China's monetary policy, while focusing on domestic priorities, also needs to consider both internal and external balance. Currently, at a critical period for economic recovery, it is essential to continue strengthening counter-cyclical regulation, which will help to consolidate the foundation for economic stability and recovery. However, intensifying counter-cyclical regulation may continue to exacerbate the divergence between Chinese and U.S. monetary policies. From an overseas perspective, the recent Jackson Hole Global Central Bank Summit was held. At this summit, both Fed Chairman Powell and ECB President Lagarde expressed concerns about inflation that far outweighed their concerns about economic downturn, conveying a "hawkish" signal that exceeded market expectations.

The signaling effect of China's interest rate adjustments is quite significant, and monetary policy relies more on the regulation of reserve requirement ratios. Currently, the weighted average reserve requirement ratio of Chinese financial institutions is about 7.6%, and there is still some policy space.

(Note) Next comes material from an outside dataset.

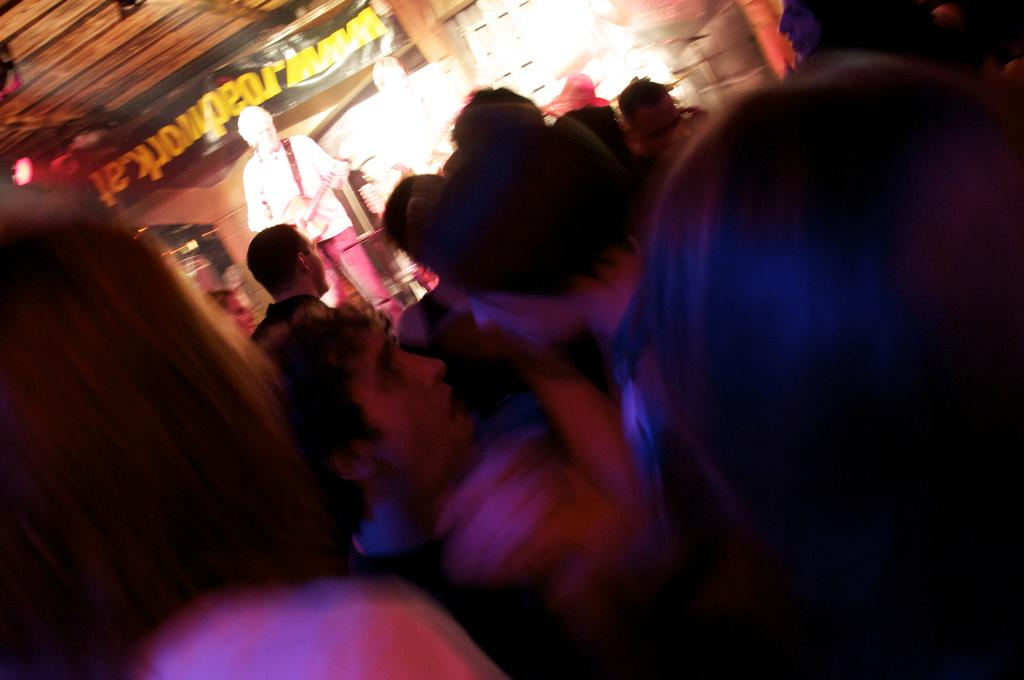How many people are in the image? There is a group of people in the image. What is one person doing in the image? A person is holding a guitar. What can be seen in the background of the image? There is a banner in the background of the image, and there are objects visible as well. What type of animal is tied to the guitar in the image? There is no animal tied to the guitar in the image. How much debt does the person holding the guitar have in the image? There is no information about debt in the image.

In summary, there are many reasons for the differences in monetary policy regulation between China and the U.S. In addition to the different monetary policy decision-making mechanisms, an important factor is that China's economy is primarily based on indirect financing, where the commercial banking system plays a key role in the implementation of monetary policy, and the efficiency of China's reserve requirement ratio policy is relatively higher. Currently, the interest rate elasticity of investment and consumption in China is low, the goals of monetary policy are diversified, and the need to balance internal and external factors also contributes to the differences in the methods of monetary policy regulation between China and the U.S.